Does OpenCode work with Ollama without an API key?

Yes. When using a local Ollama instance, no API key is required. OpenCode connects directly to http://localhost:11434/v1. If the config prompts for a key, any placeholder string will work.

Which is the best model to use with OpenCode locally in 2026?

For most machines, qwen2.5-coder:7b-16k is the best starting point — it has strong tool-calling support and runs well on 8GB RAM. If you have 16GB+ unified memory (e.g. M2/M3 Mac), upgrade to qwen3-coder:30b for significantly better results.

Why aren't file operations working in OpenCode with Ollama?

The most common cause is the context window being stuck at Ollama's 4k default. You must manually save a model variant with num_ctx set to at least 16,384. Follow Step 2 in this guide exactly.

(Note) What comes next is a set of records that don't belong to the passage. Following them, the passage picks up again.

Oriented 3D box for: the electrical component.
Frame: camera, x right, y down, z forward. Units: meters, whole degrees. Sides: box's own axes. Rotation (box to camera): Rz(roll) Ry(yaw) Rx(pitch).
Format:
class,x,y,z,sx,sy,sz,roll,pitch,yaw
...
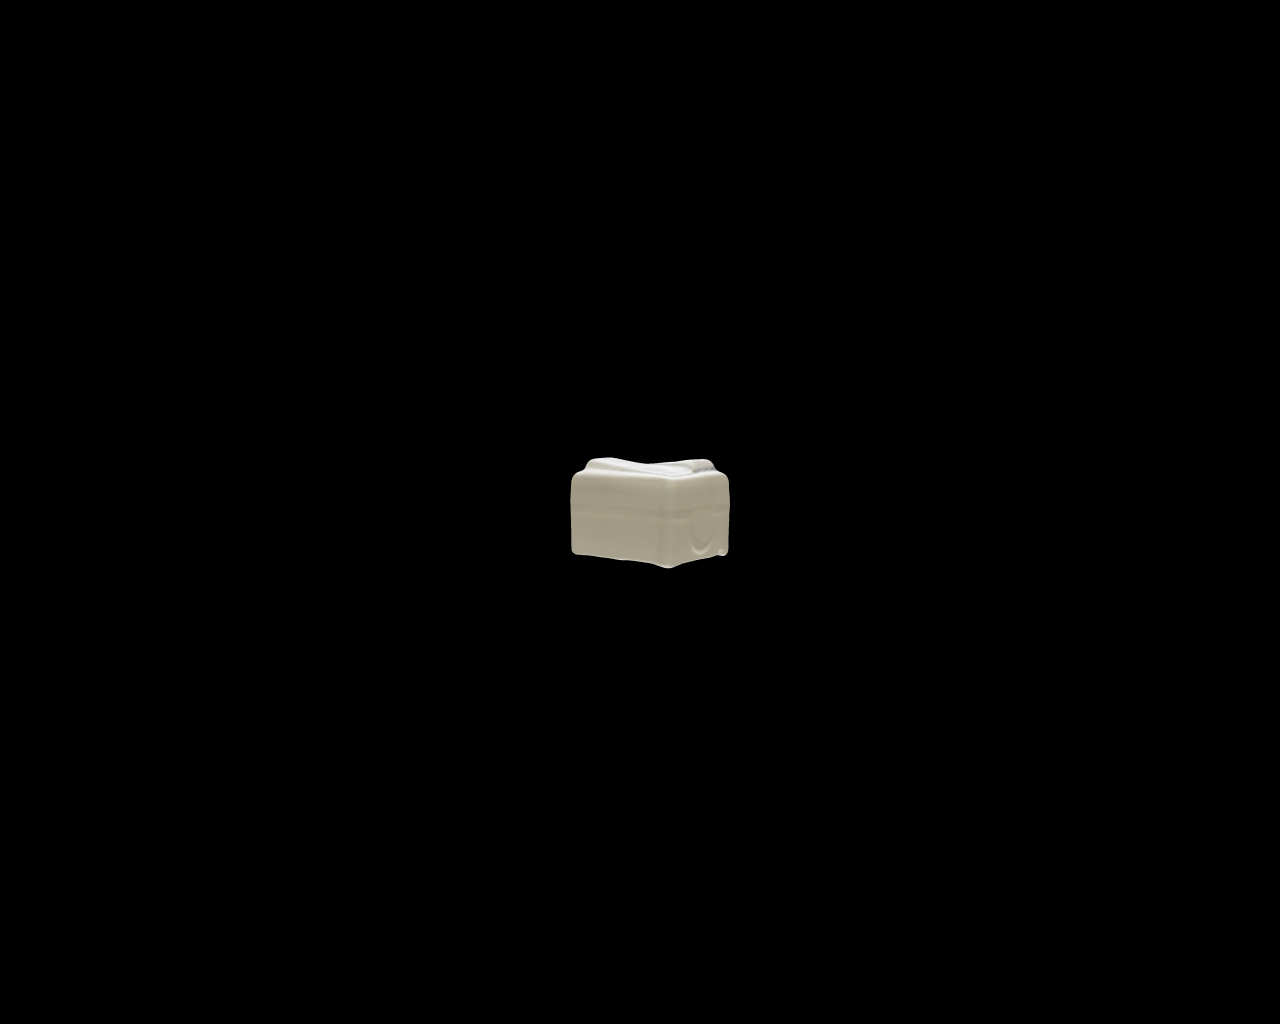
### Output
class,x,y,z,sx,sy,sz,roll,pitch,yaw
electrical component,0.001,-0.003,0.650,0.096,0.061,0.062,5,8,40

Can I use OpenCode with both local Ollama models and cloud models?

Yes — OpenCode supports multiple providers simultaneously. You can define Ollama local models alongside providers like Anthropic or OpenAI in the same opencode.json and switch between them with /models during a session.

Is OpenCode + Ollama a good free alternative to Claude Code?

For personal projects, scripts, and homelab work — yes, it's excellent and completely free. For professional production codebases requiring complex multi-file reasoning at scale, cloud models like Claude Sonnet 4.5 via Claude Code or Cursor still outperform local 7–30B models. The gap is narrowing fast though.